This a very satisfactory bashed Superstreets vehicle, completed except for paint. It is deliberately overpowered and also has reduction gears, making it by far the best SS runner I have ever seen.
The length, a scale 26 feet, was necessary so as to not bump parked cars and scenery as it passes around crowded corners on 16" diameter SS curves. And I wanted it to run very slow: normal SS vehicles run smoothly only at about 20-25 scale mph and up: I wanted less than half that.
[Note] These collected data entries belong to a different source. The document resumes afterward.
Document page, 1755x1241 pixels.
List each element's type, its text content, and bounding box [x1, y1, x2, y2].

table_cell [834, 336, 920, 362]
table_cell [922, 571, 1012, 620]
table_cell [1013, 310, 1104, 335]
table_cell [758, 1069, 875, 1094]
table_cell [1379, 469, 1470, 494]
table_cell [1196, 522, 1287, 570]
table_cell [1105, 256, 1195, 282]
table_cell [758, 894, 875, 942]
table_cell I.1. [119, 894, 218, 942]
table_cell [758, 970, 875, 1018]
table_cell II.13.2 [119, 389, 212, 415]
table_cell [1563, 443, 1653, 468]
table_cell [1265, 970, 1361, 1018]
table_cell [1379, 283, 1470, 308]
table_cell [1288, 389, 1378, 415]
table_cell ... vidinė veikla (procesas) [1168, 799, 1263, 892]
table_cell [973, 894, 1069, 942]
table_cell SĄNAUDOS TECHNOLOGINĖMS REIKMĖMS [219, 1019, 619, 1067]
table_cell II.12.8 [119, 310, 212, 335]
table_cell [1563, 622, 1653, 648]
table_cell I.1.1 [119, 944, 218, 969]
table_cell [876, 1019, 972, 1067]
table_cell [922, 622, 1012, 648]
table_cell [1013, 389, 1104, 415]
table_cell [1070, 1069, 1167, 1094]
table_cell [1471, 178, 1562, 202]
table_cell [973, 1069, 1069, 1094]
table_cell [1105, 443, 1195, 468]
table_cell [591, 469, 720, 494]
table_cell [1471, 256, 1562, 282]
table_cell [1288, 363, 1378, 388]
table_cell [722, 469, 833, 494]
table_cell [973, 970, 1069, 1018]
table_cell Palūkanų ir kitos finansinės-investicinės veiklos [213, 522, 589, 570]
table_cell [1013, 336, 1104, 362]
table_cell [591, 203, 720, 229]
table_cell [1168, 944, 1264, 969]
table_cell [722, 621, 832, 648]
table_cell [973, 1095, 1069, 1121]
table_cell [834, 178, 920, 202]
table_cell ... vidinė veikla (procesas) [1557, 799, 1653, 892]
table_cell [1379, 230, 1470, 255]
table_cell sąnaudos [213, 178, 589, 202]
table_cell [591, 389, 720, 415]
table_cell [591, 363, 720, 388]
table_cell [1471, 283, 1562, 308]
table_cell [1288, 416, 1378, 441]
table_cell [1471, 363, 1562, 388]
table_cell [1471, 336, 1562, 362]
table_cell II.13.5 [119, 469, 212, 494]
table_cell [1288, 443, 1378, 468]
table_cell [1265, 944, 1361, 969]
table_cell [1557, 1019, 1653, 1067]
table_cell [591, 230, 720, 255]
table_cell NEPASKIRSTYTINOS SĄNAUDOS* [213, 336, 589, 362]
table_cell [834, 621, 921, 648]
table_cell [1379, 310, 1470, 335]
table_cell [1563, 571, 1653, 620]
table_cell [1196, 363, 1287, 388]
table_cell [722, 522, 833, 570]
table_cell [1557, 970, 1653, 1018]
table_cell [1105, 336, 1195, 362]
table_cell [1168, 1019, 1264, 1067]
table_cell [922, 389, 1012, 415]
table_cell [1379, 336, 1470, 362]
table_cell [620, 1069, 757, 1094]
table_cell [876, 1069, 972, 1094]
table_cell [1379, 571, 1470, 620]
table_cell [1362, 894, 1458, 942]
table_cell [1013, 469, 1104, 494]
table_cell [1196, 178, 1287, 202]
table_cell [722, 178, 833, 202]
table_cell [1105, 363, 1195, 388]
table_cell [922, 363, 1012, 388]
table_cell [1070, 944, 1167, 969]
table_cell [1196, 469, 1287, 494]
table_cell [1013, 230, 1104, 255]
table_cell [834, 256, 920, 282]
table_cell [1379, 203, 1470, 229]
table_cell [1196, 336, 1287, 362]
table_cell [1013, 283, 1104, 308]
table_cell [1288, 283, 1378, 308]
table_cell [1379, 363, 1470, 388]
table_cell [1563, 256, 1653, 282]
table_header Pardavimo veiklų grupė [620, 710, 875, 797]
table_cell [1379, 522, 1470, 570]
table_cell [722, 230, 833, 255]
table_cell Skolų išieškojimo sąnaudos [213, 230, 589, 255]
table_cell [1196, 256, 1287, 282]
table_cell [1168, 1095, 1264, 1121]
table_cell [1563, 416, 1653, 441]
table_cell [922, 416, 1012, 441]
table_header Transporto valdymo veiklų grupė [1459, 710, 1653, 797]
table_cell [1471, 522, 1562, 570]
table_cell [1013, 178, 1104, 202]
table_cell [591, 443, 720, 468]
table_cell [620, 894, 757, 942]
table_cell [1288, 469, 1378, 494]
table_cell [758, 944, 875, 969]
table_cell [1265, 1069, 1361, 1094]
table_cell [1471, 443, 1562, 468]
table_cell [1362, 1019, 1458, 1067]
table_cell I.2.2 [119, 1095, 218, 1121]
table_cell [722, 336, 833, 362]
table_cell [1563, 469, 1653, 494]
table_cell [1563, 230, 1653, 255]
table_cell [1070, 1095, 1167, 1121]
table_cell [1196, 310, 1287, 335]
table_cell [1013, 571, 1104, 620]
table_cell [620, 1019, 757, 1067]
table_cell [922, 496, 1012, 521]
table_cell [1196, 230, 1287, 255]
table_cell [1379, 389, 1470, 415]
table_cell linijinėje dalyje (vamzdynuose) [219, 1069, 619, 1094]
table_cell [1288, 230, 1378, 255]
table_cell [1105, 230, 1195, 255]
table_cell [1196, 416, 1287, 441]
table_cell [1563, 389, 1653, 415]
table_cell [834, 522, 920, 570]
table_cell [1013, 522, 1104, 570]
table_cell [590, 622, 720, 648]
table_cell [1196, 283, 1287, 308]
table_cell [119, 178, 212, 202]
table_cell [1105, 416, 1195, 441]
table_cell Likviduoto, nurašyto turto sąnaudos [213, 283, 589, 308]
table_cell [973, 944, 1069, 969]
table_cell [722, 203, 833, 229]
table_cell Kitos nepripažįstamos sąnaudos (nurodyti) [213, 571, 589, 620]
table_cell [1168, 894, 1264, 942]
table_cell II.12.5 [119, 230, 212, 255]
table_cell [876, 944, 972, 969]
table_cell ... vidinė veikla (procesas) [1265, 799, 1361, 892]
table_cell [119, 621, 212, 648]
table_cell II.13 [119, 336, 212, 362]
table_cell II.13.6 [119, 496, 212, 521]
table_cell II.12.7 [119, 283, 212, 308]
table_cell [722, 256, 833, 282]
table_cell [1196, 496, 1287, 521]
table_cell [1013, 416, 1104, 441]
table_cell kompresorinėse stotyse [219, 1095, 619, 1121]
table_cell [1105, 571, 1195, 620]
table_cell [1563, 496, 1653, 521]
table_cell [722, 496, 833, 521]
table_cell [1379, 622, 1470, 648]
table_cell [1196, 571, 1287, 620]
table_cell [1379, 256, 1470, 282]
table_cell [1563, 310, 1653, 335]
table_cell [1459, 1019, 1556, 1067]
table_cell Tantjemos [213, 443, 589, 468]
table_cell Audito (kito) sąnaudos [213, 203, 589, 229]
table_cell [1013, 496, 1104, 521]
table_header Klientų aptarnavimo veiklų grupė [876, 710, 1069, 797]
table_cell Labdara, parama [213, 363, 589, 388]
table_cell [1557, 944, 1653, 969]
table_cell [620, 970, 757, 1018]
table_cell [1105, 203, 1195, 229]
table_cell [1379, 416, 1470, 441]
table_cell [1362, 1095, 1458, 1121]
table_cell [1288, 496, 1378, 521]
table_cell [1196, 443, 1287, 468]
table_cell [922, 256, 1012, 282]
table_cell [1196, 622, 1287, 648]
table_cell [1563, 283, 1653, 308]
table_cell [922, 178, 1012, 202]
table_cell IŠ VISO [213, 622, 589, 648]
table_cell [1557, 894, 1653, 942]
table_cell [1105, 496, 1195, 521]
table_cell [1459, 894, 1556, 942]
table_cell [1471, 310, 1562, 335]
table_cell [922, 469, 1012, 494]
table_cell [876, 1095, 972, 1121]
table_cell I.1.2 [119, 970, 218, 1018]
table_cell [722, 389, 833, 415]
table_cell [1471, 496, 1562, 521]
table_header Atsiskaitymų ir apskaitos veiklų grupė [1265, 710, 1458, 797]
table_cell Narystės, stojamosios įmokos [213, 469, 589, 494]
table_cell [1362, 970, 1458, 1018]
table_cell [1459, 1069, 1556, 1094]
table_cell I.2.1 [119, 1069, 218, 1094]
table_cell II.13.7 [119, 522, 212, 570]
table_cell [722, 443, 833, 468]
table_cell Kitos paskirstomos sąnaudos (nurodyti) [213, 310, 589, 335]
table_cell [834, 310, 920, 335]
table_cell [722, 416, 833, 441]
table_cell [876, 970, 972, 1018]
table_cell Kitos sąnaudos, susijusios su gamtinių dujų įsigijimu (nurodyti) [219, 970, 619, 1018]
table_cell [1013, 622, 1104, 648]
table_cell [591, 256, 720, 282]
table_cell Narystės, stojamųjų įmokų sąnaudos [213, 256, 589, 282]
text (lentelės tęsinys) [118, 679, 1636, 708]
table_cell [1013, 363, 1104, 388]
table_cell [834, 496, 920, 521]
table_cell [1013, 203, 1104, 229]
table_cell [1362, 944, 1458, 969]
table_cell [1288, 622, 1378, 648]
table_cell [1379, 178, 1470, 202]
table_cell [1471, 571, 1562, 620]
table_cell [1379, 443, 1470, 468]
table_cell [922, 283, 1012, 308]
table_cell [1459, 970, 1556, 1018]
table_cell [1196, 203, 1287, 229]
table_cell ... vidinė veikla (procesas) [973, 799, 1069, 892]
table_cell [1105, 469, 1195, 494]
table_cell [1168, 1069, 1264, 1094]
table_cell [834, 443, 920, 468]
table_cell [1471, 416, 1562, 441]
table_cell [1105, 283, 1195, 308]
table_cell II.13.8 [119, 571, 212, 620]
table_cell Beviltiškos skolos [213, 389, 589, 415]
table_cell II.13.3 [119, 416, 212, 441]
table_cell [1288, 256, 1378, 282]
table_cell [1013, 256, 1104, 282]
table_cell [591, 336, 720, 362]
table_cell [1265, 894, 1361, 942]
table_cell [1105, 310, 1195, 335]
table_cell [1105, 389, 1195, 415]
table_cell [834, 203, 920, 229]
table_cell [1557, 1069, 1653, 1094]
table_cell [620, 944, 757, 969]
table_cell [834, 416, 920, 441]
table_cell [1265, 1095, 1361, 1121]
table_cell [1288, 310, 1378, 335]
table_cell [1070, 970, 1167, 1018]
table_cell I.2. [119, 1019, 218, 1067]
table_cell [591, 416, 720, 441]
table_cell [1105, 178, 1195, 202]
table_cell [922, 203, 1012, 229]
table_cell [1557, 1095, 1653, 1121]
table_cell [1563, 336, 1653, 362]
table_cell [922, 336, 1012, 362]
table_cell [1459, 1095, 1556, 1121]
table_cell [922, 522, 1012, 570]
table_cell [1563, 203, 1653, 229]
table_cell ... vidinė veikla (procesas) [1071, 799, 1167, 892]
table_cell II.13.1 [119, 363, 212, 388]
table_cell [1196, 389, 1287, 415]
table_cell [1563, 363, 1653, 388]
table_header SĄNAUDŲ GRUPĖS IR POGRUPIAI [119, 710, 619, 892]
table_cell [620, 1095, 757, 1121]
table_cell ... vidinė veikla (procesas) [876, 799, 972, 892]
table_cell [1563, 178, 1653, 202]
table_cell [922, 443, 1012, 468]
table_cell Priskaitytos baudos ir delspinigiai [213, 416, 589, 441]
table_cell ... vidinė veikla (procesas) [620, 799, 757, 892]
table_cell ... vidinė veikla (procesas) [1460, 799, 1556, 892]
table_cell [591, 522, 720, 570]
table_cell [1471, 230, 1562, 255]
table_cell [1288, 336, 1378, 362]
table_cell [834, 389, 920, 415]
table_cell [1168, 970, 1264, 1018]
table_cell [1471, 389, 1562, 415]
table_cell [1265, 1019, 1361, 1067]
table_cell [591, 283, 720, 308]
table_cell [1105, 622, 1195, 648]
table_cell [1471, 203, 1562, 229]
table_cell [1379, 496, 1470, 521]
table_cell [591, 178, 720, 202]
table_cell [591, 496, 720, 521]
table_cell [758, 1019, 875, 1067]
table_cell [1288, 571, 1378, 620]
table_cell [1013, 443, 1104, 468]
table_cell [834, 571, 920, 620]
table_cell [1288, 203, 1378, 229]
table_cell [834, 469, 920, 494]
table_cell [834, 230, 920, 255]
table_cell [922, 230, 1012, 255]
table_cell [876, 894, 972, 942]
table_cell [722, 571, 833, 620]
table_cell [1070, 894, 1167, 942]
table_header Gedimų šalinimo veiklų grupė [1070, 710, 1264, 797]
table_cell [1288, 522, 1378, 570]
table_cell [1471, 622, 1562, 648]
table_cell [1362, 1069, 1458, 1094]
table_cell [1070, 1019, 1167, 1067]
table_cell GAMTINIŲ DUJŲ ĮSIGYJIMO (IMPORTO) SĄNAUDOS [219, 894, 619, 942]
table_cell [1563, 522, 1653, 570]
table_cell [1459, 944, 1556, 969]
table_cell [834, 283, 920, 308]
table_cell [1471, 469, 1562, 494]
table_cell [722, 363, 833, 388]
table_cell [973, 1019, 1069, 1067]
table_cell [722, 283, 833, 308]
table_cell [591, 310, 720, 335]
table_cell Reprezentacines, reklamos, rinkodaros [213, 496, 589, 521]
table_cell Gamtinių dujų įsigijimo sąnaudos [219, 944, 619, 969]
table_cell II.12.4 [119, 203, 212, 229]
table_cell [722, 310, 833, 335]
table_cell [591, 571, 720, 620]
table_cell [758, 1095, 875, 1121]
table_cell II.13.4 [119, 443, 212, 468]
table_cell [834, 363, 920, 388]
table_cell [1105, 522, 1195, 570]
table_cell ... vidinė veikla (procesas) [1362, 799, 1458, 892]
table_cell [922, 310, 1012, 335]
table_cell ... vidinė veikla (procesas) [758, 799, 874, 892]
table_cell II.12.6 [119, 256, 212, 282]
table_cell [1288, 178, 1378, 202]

Photo 1 shows the completed model before repainting - it is a Corgi bus shortened 2" with a band-saw. The ends were reattached using repair putty - easy to see the splice before I repaint. The chassis is from a Superstreets step van unmodified. The shortened Corgi bus body fits with nothing more than a tiny bit of trimming to two tabs on the front of the chassis. Even with the monster motor, I was able to keep the front 1" of the interior, too, with the driver and steering wheel, etc.
Although the chassis is unmodified, the drive is nearly all new (photo 2) although I did use the original axle and its gear. I've found that generally, the larger the motor, the lower the RPM. So, to contribute to lower speed, I fitted the largest I could cram in the bus. It is from an early MTH Veranda Turbine that had seen better days. It has much more power than the original motor even though it turns less than half the RPM of the stock motor at any voltage. And I built a 3.5:1 reduction gear. The result is that this bus will creep smoothly and steadily at 1/4 inch per second - 15 inches per minute - equivalent to .7 mph. It has a top speed of right at 20 mph, at which speed if the power is suddenly cut it will continue on by flywheel for three feet. I plan to cruise it through my downtown at about 8 mph, a speed that looks really good, and at which it is just phenomenally steady. And added bonus, the gears make a bit of a whir that sounds vaguely motor-like at that speed.
I'm making another identical bus and will paint them as city buses, not cross country as the original Corgis were, and have both cruising most of the time when I run my layout.